Code Monkey home page Code Monkey logo

Comments (3)

ADAM-CT avatar ADAM-CT commented on July 29, 2024

Finally it throw the runtime error :

Exception in thread Thread-9:
Traceback (most recent call last):
File "/opt/conda/lib/python3.6/threading.py", line 916, in _bootstrap_inner
self.run()
File "/opt/conda/lib/python3.6/threading.py", line 864, in run
self._target(*self._args, **self._kwargs)
File "../communication.py", line 619, in recv_helper_thread
sub_process_group=sub_process_group)
File "../communication.py", line 654, in _recv
group=sub_process_group)
File "/opt/conda/lib/python3.6/site-packages/torch/distributed/distributed_c10d.py", line 755, in broadcast
work.wait()
RuntimeError: [../third_party/gloo/gloo/transport/tcp/unbound_buffer.cc:72] Timed out waiting 1800000ms for recv operation to complete

from pipedream.

letianzhao avatar letianzhao commented on July 29, 2024

My environment:

server1:4GPUS

server2 : 4GPUS

Initialization has been completed. All ranks are not trained.
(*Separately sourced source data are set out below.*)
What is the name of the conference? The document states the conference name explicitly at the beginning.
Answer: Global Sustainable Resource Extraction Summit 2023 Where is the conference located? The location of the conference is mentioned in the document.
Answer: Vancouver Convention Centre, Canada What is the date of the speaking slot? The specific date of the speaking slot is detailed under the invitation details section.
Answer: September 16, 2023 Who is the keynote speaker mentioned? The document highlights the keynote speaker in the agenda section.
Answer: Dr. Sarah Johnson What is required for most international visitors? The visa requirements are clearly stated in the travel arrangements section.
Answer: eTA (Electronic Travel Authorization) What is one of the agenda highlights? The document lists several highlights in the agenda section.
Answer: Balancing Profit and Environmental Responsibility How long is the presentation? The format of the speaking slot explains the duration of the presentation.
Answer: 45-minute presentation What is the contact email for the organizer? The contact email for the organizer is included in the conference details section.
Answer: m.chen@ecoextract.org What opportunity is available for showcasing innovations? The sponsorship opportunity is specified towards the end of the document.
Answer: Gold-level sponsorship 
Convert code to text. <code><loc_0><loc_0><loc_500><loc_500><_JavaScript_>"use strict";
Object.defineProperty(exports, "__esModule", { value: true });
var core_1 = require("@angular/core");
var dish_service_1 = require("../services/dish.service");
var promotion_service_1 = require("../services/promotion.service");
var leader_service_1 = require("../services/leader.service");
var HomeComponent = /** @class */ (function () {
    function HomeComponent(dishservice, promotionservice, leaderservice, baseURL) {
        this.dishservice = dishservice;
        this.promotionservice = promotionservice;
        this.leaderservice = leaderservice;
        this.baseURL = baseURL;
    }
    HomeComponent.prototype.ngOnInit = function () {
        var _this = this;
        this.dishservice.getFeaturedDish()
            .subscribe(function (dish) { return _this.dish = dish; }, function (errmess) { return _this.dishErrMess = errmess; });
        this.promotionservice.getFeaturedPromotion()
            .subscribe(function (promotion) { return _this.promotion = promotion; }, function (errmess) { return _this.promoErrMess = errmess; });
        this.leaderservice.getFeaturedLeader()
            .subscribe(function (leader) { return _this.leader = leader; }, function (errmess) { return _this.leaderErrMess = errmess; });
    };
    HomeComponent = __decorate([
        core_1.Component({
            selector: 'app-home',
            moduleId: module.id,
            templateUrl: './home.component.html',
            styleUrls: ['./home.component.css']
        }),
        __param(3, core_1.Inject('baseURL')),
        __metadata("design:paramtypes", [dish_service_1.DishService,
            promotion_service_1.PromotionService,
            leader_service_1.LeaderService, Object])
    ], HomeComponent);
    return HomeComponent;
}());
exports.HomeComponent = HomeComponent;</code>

They are blocked all the time

Here is the output of each rank:

in rank0: Finished initializing process group; backend: gloo, rank: 0, world_size: 8 Replicating stage: ranks=4, module_size=775424.000 Send ranks: {'out0': [4, 5, 6], 'target': [4, 5, 6]} Receive ranks: {} Setting up process groups for broadcasts... Letting in 1 warm-up minibatches Running training for 5004 minibatches Forward Stats: compute_time 0.000 seconds receive_tensors 0.000 seconds receive_tensors_size 0.000 bytes send_tensors 0.000 seconds send_tensors_size 51380736.000 bytes Epoch: 0 Step 0 Learning rate: 0.040000 Epoch: [0][0/5004] Memory: 8.499 (9.475)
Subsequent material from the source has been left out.